Look for the left boundary
let left = 0;
let mid;
let right = nums.length;
while(left < right) {
mid = (left + right) >>> 1;
if (nums[mid] > target) {
right = mid;
} else if (nums[mid] < target) {
left = mid + 1;
} else if (nums[mid] == target) {
right = mid; / / the key}}Nums [left] must be greater than or equal to target
if (left == nums.length) return - 1;
else return nums[left] == target ? left : - 1;
Copy the codeLook for the right boundary position
let left = 0;
let right = nums.length;
while(left < right) {
mid = (left + right) >>> 1;
if (nums[mid] > target) {
right = mid;
} else if (nums[mid] < target) {
left = mid + 1;
} else if (nums[mid] == target) {
left = mid + 1; / / note}}[left] = nums[left] = nums[left]

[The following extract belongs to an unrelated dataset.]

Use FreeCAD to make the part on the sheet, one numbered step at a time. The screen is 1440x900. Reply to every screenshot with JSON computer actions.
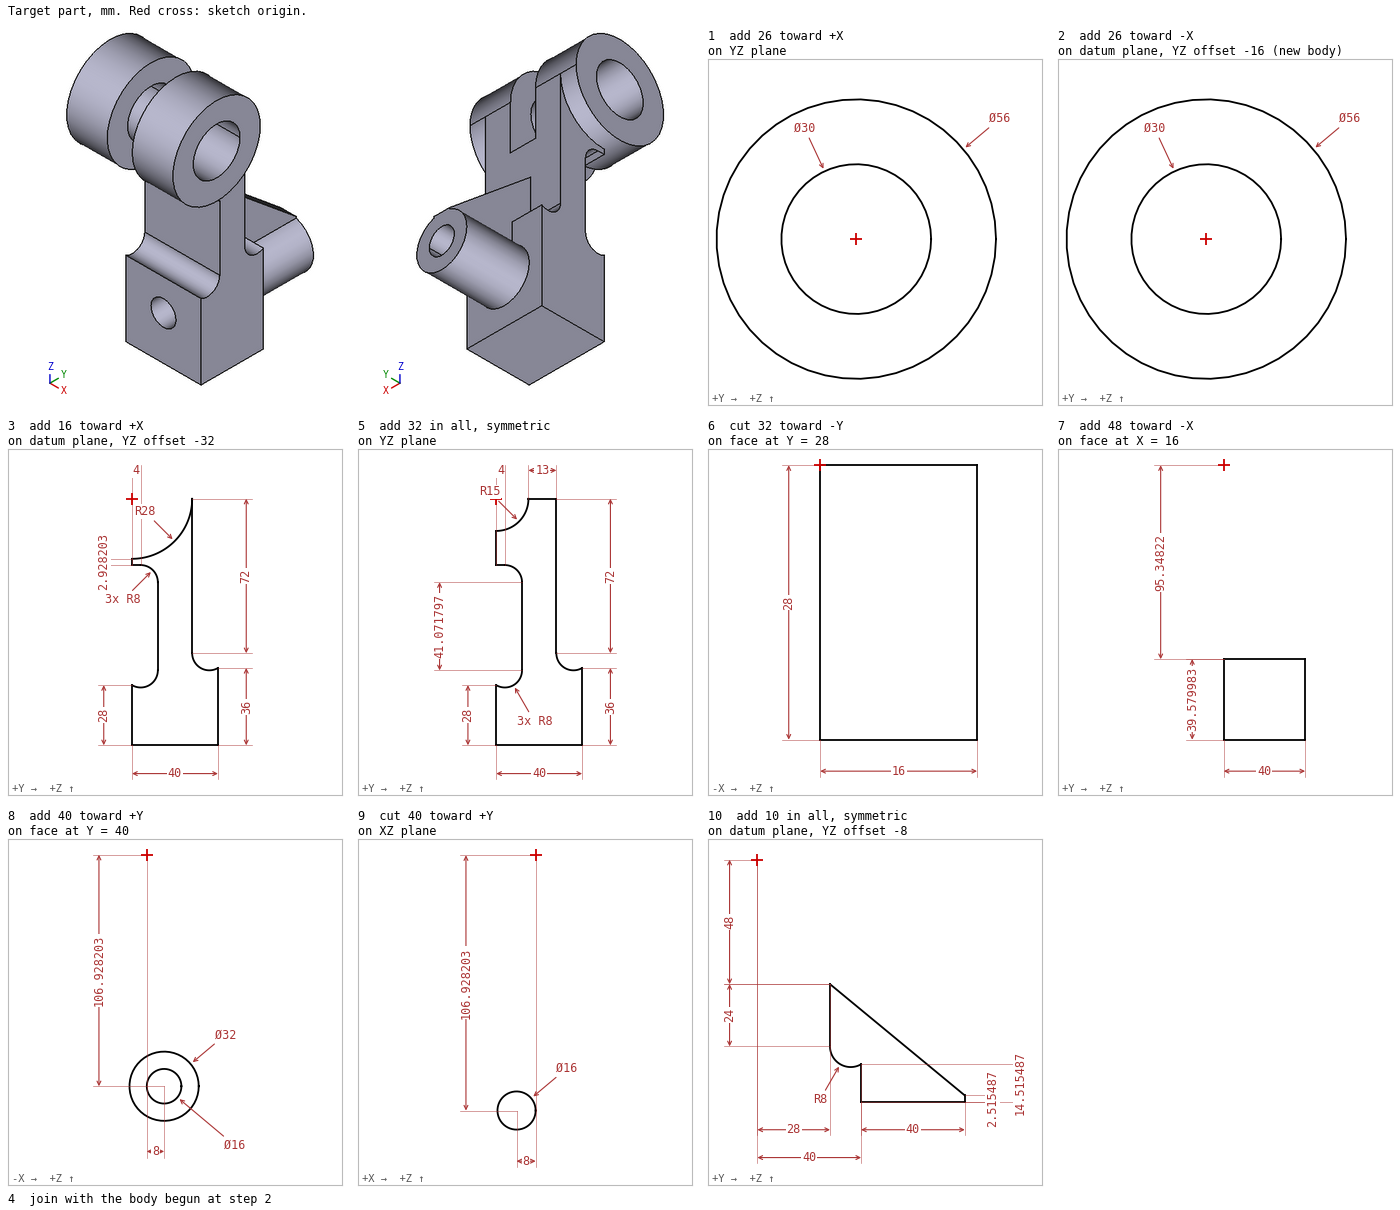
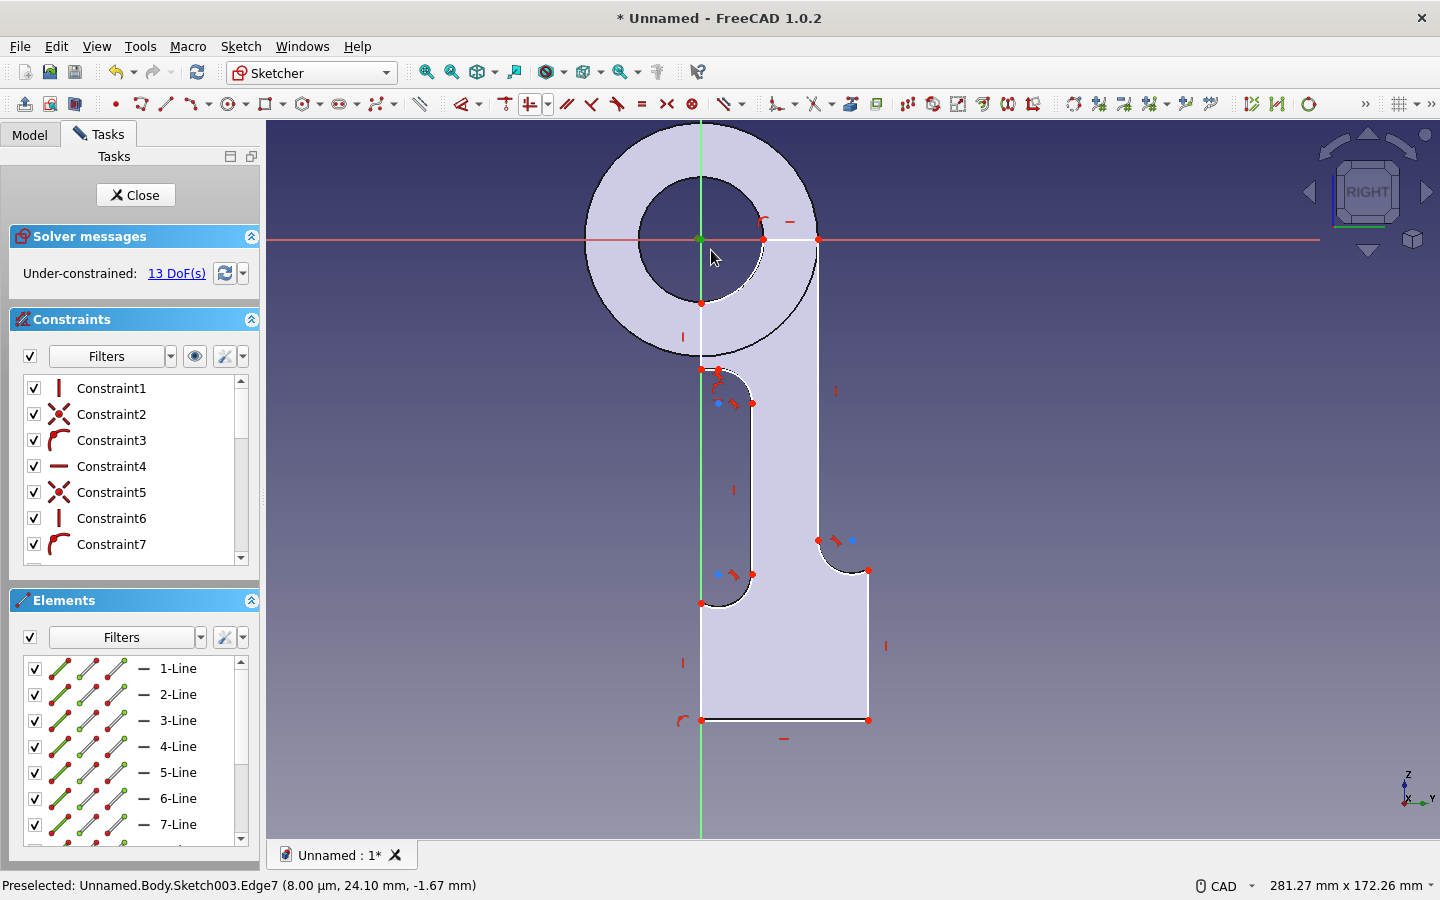
{"action": "left_click", "coordinate": [505, 104]}

if (left == 0) return - 1;
else return nums[left - 1] == target ? left - 1: - 1;
Copy the codeOf course, I’m using front closed and back open intervals here, but you can just do it with closed intervals.
Final code presentation
var searchRange = function(nums, target) {
let left = 0;
let mid;
let right = nums.length;
while(left < right) {
mid = (left + right) >>> 1;
if (nums[mid] > target) {
right = mid;
} else if (nums[mid] < target) {
left = mid + 1;
} else if(nums[mid] == target) { right = mid; }}let leftIndex = - 1, rightIndex = - 1;
if (left == nums.length) return [- 1.- 1];
else leftIndex = nums[left] == target ? left : - 1;
left = 0; right = nums.length;
while(left < right) {
mid = (left + right) >>> 1;
if (nums[mid] > target) {
right = mid;
} else if (nums[mid] < target) {
left = mid + 1;
} else if (nums[mid] == target) {
left = mid + 1; }}if (left == 0) return [- 1.- 1];
else rightIndex = nums[left - 1] == target ? left - 1: - 1;
return [leftIndex, rightIndex];
};
Copy the code
All in all, dichotomous search thinking is not difficult, but to understand the interval meaning of the boundary variable is very clear, so as not to think disorder, details are considered clearly, various methods can come and go freely.